Photographer and documentary filmmaker Patricia Goudvis traveled across the South in the summer of 1974 to document Black agricultural cooperatives and labor organizing. Goudvis was born in Vermilion, Ohio on January 20, 1953 and attended Verde Valley High School in Arizona.

As a student at UC Berkeley, she attended the First National Conference on Land Reform in 1963. With the help of organizers, she met at the conference, she developed a plan to travel across the South and document sugarcane farming in Louisiana, poultry farming in Mississippi, and the work of the Federation of Southern Cooperatives (FSC) and Emergency Land Fund (LAF).

Goudvis traveled from San Francisco to Louisiana, where she documented the labor of Black sugarcane workers and their efforts to improve working conditions. Goudvis photographed working-class families living on or adjacent to plantations, cane fields, and sugarcane processing mills in Franklin, Houma, Thibodaux, Napoleonville, and Grand Caillou. In Louisiana, Goudvis photographed the annual USDA hearing on cane workers’ wages in Houma, Louisiana as well as key members of the Southern Mutual Help Association, Inc. (SMHA), a coalition formed in 1969 that sought fundamental change to the working conditions of sugarcane workers in the Southeast, providing education, medical, and social and legal advocacy to workers in Louisiana.

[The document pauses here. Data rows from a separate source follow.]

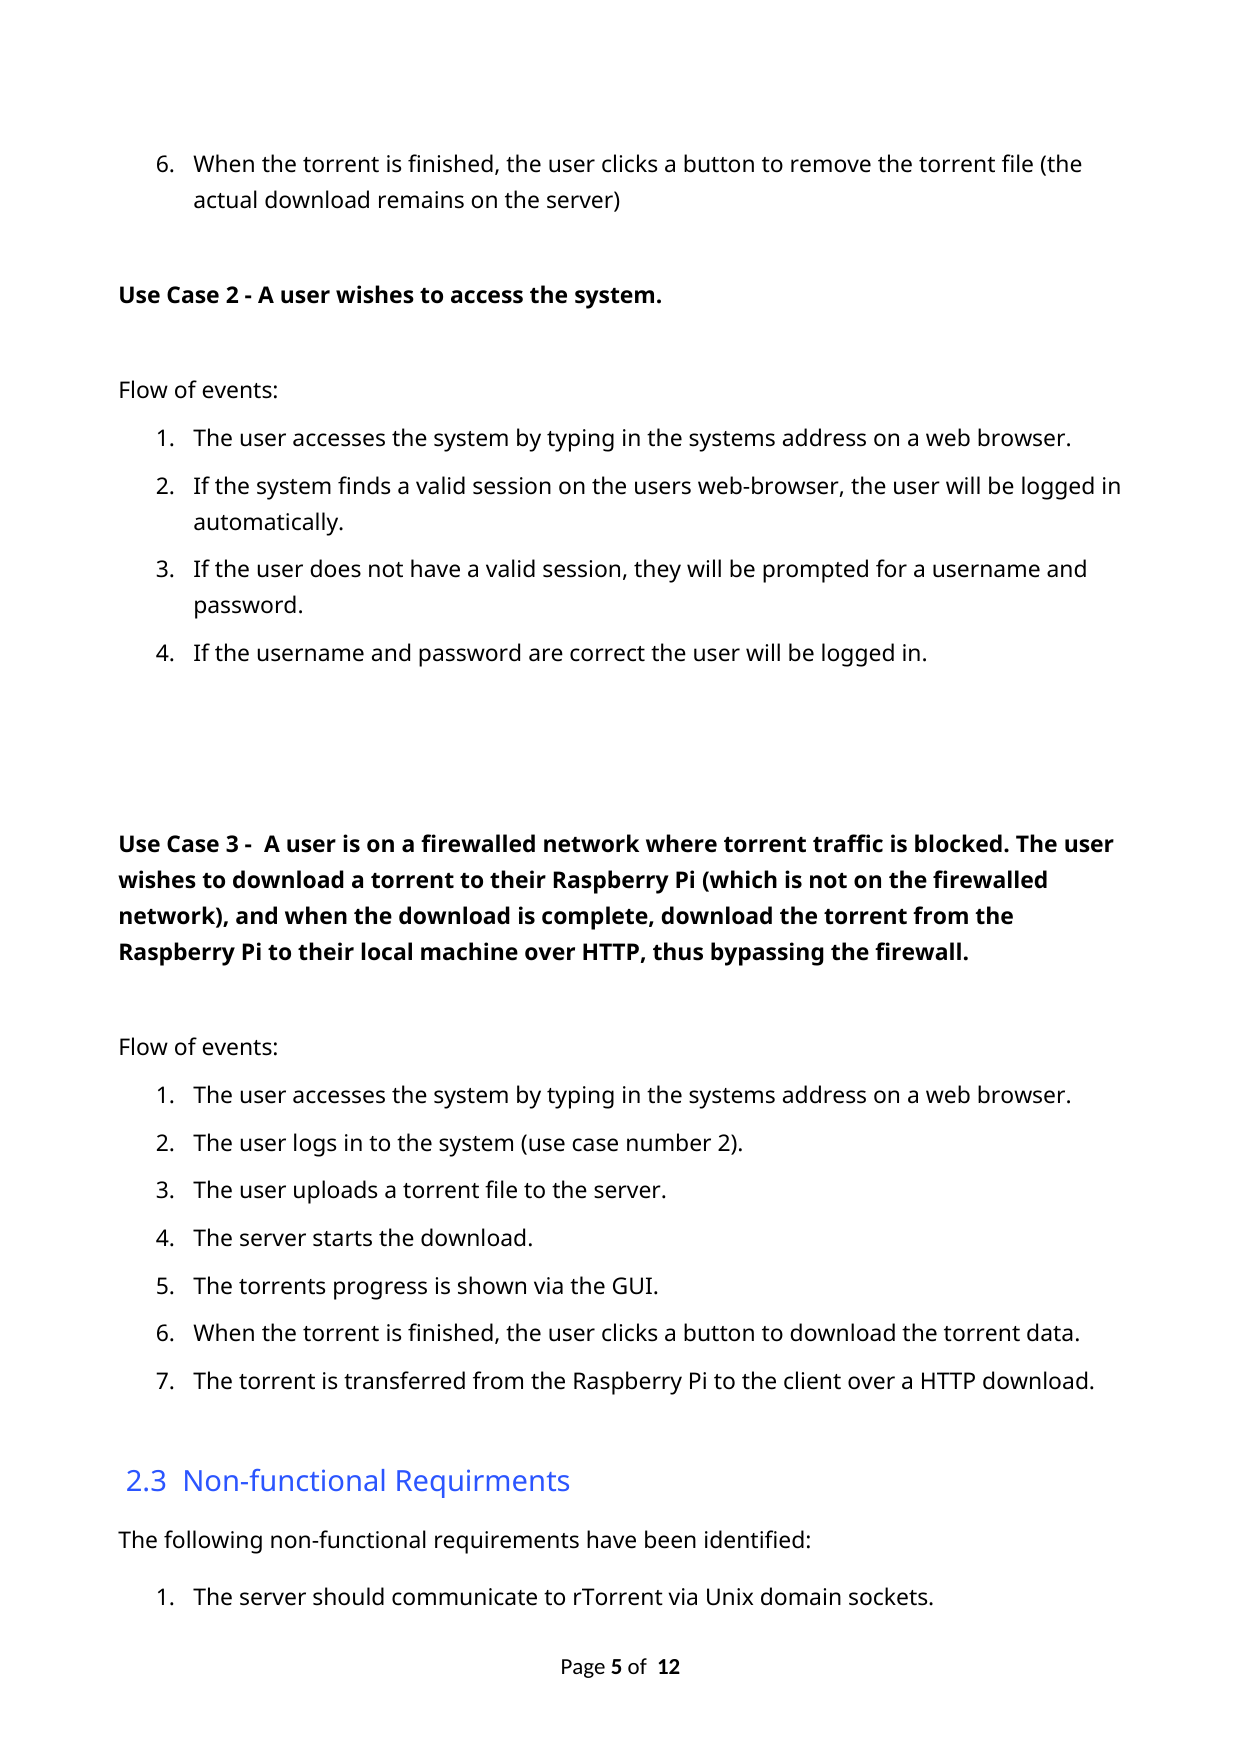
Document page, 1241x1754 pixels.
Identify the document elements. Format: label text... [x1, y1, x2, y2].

subtitle Non-functional Requirments [118, 1461, 1122, 1500]
text Use Case 2 - A user wishes to access the system. [118, 279, 1122, 310]
list The torrent is transferred from the Raspberry Pi to the client over a HTTP download. [156, 1365, 1122, 1396]
list When the torrent is finished, the user clicks a button to remove the torrent file (the actual download remains on the server) [156, 148, 1122, 215]
text Flow of events: [118, 1031, 1122, 1062]
list The server should communicate to rTorrent via Unix domain sockets. [156, 1581, 1122, 1612]
list The user logs in to the system (use case number 2). [156, 1127, 1122, 1158]
text The following non-functional requirements have been identified: [118, 1524, 1122, 1555]
list The user accesses the system by typing in the systems address on a web browser. [156, 422, 1122, 453]
list The user uploads a torrent file to the server. [156, 1174, 1122, 1206]
list If the user does not have a valid session, they will be prompted for a username and password. [156, 553, 1122, 621]
list The user accesses the system by typing in the systems address on a web browser. [156, 1079, 1122, 1110]
text Flow of events: [118, 374, 1122, 406]
list When the torrent is finished, the user clicks a button to download the torrent data. [156, 1317, 1122, 1349]
list If the username and password are correct the user will be logged in. [156, 637, 1122, 668]
list The torrents progress is shown via the GUI. [156, 1270, 1122, 1301]
text Use Case 3 - A user is on a firewalled network where torrent traffic is blocked. The user wishes to download a torrent to their Raspberry Pi (which is not on the firewalled network), and when the download is complete, download the torrent from the Raspberry Pi to their local machine over HTTP, thus bypassing the firewall. [118, 828, 1122, 967]
list If the system finds a valid session on the users web-browser, the user will be logged in automatically. [156, 470, 1122, 537]
list The server starts the download. [156, 1222, 1122, 1253]
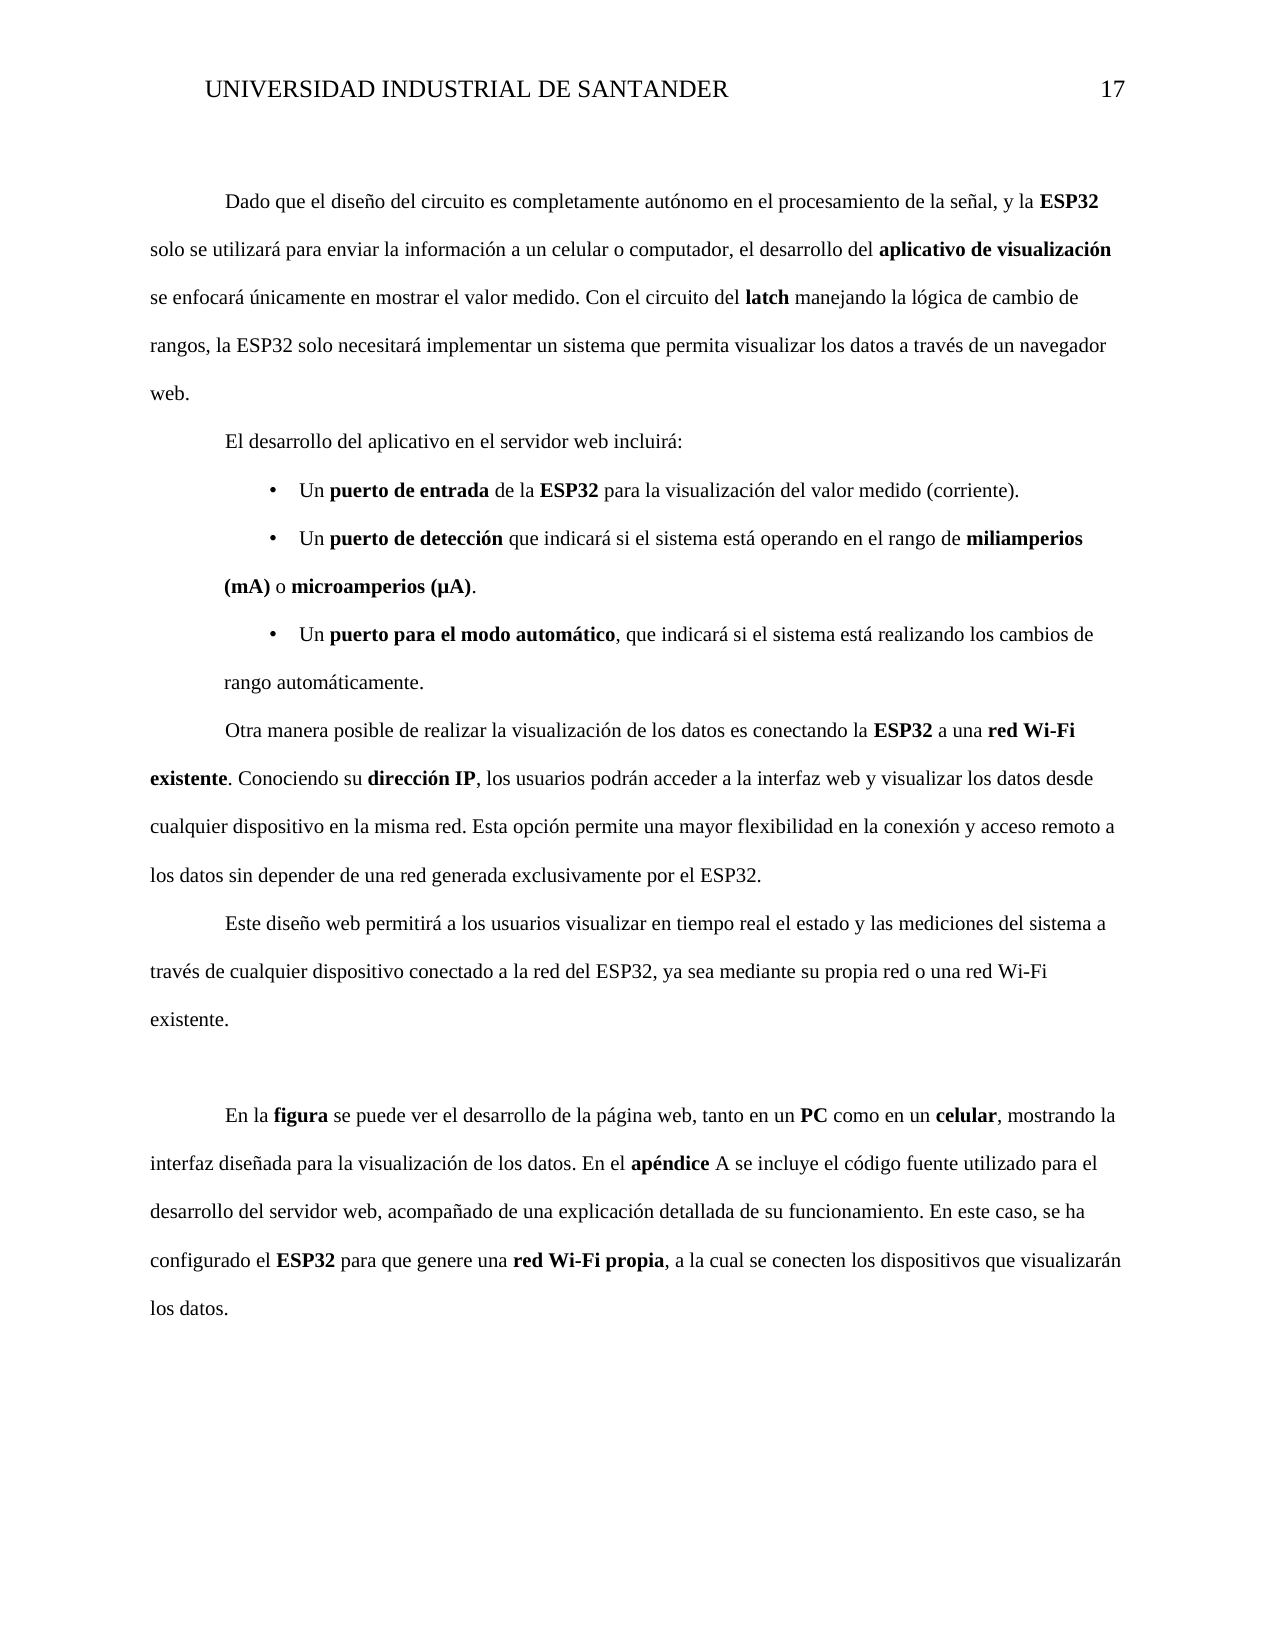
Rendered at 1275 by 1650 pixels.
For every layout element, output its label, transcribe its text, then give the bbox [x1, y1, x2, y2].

text Este diseño web permitirá a los usuarios visualizar en tiempo real el estado y las mediciones del sistema a través de cualquier dispositivo conectado a la red del ESP32, ya sea mediante su propia red o una red Wi-Fi existente. [150, 911, 1125, 1031]
text Otra manera posible de realizar la visualización de los datos es conectando la ESP32 a una red Wi-Fi existente. Conociendo su dirección IP, los usuarios podrán acceder a la interfaz web y visualizar los datos desde cualquier dispositivo en la misma red. Esta opción permite una mayor flexibilidad en la conexión y acceso remoto a los datos sin depender de una red generada exclusivamente por el ESP32. [150, 718, 1125, 887]
list Un puerto de entrada de la ESP32 para la visualización del valor medido (corriente). [194, 477, 1125, 502]
list Un puerto para el modo automático, que indicará si el sistema está realizando los cambios de rango automáticamente. [194, 622, 1125, 694]
list Un puerto de detección que indicará si el sistema está operando en el rango de miliamperios (mA) o microamperios (µA). [194, 526, 1125, 598]
text Dado que el diseño del circuito es completamente autónomo en el procesamiento de la señal, y la ESP32 solo se utilizará para enviar la información a un celular o computador, el desarrollo del aplicativo de visualización se enfocará únicamente en mostrar el valor medido. Con el circuito del latch manejando la lógica de cambio de rangos, la ESP32 solo necesitará implementar un sistema que permita visualizar los datos a través de un navegador web. [150, 189, 1125, 405]
text El desarrollo del aplicativo en el servidor web incluirá: [150, 429, 1125, 453]
text En la figura se puede ver el desarrollo de la página web, tanto en un PC como en un celular, mostrando la interfaz diseñada para la visualización de los datos. En el apéndice A se incluye el código fuente utilizado para el desarrollo del servidor web, acompañado de una explicación detallada de su funcionamiento. En este caso, se ha configurado el ESP32 para que genere una red Wi-Fi propia, a la cual se conecten los dispositivos que visualizarán los datos. [150, 1103, 1125, 1320]

After Louisiana, Goudvis traveled to Forest, Mississippi, where she photographed poultry processing workers who organized with the independent Mississippi Poultry Workers' Union (MPWU). The MPWU formed on May 10th, 1972 after 60 workers at Forest’s Southeastern Poultry walked off the job demanding a 15 cent raise, collective bargaining rights, and paid vacation. The union won National Labor Relations Board elections at Gaddis Packing Company and Poultry Packers the same year. Management broke the strike by 1975 by hiring white strikebreakers and refusing to negotiate over key aspects of the contract, including a no-strike clause, with the help of law firm Kullman, Lang, Inman and Bee.

Next, Goudvis visited the farms and other cooperative ventures associated with the Federation of Southern Cooperatives (FSC), including the Green-Hale Sewing Cooperative in Alabama, the Georgia-based Shepard Broom Factory and the Male Trap clothing store at the FSC Business Development Office, and a Southeast Alabama Self-Help Association (SEASHA)-sponsored Feeder Pigs venture in Alabama. The FSC originated at a 1967 meeting between twenty low-income cooperatives and credit unions, and worked closely with the Emergency Land Fund, founded by economist Robert S. Browne in 1972. The organizations worked to increase Black land ownership in the South and financially supported cooperatives to mitigate racial economic inequality.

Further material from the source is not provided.